AUSTRALIAN WAR MEMORIAL

Film-focused exhibition coming to Sydney

“Film footage about war makes it real and emotive, and it connects and places people into another world – a place that hopefully most of us never have to be.”

Action! Film and War exhibition lead curator Daniel Eisenberg.
Action! Film and War exhibition lead curator Daniel Eisenberg.

The Australian War Memorial’s (AWM) free touring exhibition Action! Film and War will be in the State Library of NSW from October 7 to April 28.

The exhibition’s lead curator, Daniel Eisenberg (pictured), said the exhibition features 250 carefully chosen items from the AWM’s vast photo, film and sound collection – ranging from camera equipment and audio-visual clips, to the diaries of war cinematographers – to explore how film shapes our understanding of the Australian experience of war.

Adding layers of depth in that exploration is including what Eisenberg calls “the struggle of the medium [of film] – forever caught between telling a good story, and telling the truth”.

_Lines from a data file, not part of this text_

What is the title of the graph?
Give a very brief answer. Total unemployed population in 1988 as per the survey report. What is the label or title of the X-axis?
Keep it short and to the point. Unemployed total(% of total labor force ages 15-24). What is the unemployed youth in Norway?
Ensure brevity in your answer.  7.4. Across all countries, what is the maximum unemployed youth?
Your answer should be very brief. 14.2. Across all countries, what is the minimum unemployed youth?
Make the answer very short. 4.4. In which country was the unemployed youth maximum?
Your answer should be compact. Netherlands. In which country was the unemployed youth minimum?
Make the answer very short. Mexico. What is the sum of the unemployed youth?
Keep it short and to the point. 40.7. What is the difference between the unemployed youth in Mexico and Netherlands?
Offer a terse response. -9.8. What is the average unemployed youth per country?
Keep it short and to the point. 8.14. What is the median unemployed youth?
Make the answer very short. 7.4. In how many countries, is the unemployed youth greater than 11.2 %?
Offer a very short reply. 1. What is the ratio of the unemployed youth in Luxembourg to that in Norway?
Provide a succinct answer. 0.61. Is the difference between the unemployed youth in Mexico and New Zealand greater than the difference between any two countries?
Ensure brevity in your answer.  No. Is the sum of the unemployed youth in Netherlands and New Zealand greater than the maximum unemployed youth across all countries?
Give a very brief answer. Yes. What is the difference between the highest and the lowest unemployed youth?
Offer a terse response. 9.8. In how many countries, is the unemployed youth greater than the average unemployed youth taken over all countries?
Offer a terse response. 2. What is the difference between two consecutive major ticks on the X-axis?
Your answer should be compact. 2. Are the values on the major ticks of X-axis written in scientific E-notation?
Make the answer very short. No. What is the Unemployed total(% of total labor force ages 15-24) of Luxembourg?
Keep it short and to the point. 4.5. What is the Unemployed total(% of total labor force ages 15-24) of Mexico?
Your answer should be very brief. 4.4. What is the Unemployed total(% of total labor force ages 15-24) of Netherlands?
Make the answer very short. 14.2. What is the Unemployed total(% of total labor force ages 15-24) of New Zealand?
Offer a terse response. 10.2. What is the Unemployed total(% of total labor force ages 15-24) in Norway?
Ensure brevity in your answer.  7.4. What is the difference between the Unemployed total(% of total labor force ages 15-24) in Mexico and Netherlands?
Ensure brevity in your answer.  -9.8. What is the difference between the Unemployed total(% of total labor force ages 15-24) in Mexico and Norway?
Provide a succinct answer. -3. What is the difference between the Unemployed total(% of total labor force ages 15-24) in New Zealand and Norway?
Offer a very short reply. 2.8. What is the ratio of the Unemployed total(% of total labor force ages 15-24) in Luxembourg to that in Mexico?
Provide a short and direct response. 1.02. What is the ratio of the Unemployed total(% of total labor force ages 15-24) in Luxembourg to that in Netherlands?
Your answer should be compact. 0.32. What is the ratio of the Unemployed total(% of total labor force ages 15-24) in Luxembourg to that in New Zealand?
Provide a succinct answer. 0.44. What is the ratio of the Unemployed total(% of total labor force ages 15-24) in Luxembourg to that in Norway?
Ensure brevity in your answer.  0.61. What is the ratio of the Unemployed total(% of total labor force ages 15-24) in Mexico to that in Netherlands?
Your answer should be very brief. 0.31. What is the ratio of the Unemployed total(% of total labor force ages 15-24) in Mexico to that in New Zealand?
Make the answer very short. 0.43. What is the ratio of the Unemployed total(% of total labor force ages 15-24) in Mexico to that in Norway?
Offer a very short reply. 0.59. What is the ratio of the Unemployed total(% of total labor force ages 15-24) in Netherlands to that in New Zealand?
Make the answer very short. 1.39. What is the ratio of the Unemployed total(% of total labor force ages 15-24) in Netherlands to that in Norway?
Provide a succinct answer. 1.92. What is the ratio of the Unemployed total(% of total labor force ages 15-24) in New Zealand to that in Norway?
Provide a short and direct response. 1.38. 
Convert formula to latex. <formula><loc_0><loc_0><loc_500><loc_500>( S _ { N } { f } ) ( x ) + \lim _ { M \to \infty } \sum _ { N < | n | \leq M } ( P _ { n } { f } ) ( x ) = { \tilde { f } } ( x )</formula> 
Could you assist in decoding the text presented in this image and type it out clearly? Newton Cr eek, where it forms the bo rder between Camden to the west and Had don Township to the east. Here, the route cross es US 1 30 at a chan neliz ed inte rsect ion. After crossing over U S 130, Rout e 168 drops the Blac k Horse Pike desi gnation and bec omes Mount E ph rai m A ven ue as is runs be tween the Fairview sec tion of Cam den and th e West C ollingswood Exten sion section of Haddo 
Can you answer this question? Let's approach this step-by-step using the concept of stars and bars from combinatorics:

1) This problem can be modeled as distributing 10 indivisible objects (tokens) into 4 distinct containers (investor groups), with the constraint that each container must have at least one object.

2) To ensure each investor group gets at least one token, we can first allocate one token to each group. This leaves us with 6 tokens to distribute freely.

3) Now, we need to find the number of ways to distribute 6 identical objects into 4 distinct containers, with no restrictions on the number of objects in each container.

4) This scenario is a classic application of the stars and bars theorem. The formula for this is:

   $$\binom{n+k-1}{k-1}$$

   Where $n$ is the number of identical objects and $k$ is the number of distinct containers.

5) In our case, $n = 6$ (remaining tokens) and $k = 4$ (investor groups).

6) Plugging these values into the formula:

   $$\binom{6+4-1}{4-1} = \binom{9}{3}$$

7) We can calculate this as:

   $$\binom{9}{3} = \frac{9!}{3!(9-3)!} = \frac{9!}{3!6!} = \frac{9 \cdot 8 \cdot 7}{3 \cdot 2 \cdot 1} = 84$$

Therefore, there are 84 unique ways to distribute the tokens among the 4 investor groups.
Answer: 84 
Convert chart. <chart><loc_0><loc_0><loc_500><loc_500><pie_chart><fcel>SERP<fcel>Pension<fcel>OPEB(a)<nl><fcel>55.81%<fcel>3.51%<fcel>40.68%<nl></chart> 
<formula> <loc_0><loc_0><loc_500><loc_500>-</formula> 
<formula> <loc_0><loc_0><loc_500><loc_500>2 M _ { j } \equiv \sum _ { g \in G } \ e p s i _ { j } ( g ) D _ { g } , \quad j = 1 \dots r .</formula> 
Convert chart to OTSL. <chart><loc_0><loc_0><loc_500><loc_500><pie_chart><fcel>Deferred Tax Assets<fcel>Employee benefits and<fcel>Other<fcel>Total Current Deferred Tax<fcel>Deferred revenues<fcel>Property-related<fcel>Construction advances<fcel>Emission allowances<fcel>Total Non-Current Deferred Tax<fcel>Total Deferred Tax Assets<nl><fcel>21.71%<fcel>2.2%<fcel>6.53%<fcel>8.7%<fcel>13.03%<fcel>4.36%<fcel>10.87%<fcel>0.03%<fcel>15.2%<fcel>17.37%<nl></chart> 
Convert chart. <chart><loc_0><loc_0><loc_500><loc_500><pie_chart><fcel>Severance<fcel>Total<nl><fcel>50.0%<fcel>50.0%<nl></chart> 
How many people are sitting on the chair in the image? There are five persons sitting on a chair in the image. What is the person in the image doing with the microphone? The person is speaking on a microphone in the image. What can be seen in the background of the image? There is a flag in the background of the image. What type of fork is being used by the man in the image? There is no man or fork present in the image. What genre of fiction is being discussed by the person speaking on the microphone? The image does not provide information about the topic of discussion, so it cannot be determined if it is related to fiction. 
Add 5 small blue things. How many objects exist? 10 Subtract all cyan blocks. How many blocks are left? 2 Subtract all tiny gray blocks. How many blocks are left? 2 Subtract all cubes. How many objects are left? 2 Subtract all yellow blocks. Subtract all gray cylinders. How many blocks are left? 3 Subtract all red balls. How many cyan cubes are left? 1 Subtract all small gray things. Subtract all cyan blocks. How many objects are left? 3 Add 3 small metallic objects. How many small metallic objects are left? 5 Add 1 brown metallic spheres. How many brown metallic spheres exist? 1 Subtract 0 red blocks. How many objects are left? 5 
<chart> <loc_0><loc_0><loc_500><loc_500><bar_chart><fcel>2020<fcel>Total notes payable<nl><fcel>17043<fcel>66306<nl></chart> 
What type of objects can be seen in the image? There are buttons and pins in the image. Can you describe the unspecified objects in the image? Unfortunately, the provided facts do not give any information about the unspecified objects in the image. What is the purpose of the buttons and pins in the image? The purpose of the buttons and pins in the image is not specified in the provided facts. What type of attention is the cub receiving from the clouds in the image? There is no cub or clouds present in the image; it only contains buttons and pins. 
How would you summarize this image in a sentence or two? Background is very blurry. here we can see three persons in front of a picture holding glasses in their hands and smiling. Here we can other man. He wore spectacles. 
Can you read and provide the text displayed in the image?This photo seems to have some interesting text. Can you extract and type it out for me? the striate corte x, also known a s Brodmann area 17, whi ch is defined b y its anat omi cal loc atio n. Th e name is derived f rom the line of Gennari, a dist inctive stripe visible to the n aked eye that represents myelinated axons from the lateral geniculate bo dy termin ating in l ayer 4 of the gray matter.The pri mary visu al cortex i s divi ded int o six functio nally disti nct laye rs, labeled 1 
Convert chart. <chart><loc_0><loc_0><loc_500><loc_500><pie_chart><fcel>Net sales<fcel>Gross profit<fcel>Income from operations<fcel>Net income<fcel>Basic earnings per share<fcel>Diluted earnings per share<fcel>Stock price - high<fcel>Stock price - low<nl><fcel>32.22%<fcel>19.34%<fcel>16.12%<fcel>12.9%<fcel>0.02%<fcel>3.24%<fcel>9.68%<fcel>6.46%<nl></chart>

Captain Frank Hurley (right) behind the camera atop Mount Scopus overlooking Jerusalem on November 13, 1940. Photo: AWM

“And the first sparks in that struggle [in the Australian context] were present in the First World War imagery.”

The exhibition also sheds light on the people who captured war footage on camera and film – often risking their lives to do so – and the changing technology and evolving production methods used through time.

“A still image captures a moment, but what a moving image does is different – it can transport you,” Eisenberg said.

“Film footage about war makes it real and emotive, and it connects and places people into another world – a place that hopefully most of us never have to be.”

Among the featured figures in the exhibition is Captain Frank Hurley, who in the Great War was sent to film and photograph Diggers in battles initially in France and Belgium, before being sent to the Middle East, where he witnessed the Australian Light Horse in the Battle of Jericho.

Australia’s first Oscar-winning film was actually a war one, called Kokoda Front Line! – which won Best Documentary in 1943, and was shot almost exclusively by Damien Parer, who tragically was killed towards the end of World War II by Japanese fire, while filming in Palau.

The Academy Award trophy for Kokoda Front Line! is on display in the exhibition, as is a work diary that belonged to Neil Davis, who extensively covered Australians fighting in the Vietnam War, the camera Paul Moran used on the day he was killed by a car bomb in 2003 during the Iraq War, and items and works by the Australian Defence Forces’s first female war cinematographer, Robyn White.

A range of camera equipment – from a 15kg wooden hand-wound camera, to a modern helmet-attached Go Pro device – will be on display too, plus a feature film section, where visitors can view the original script for Peter Weir’s Gallipoli, and costumes from Jirga and The Sapphires.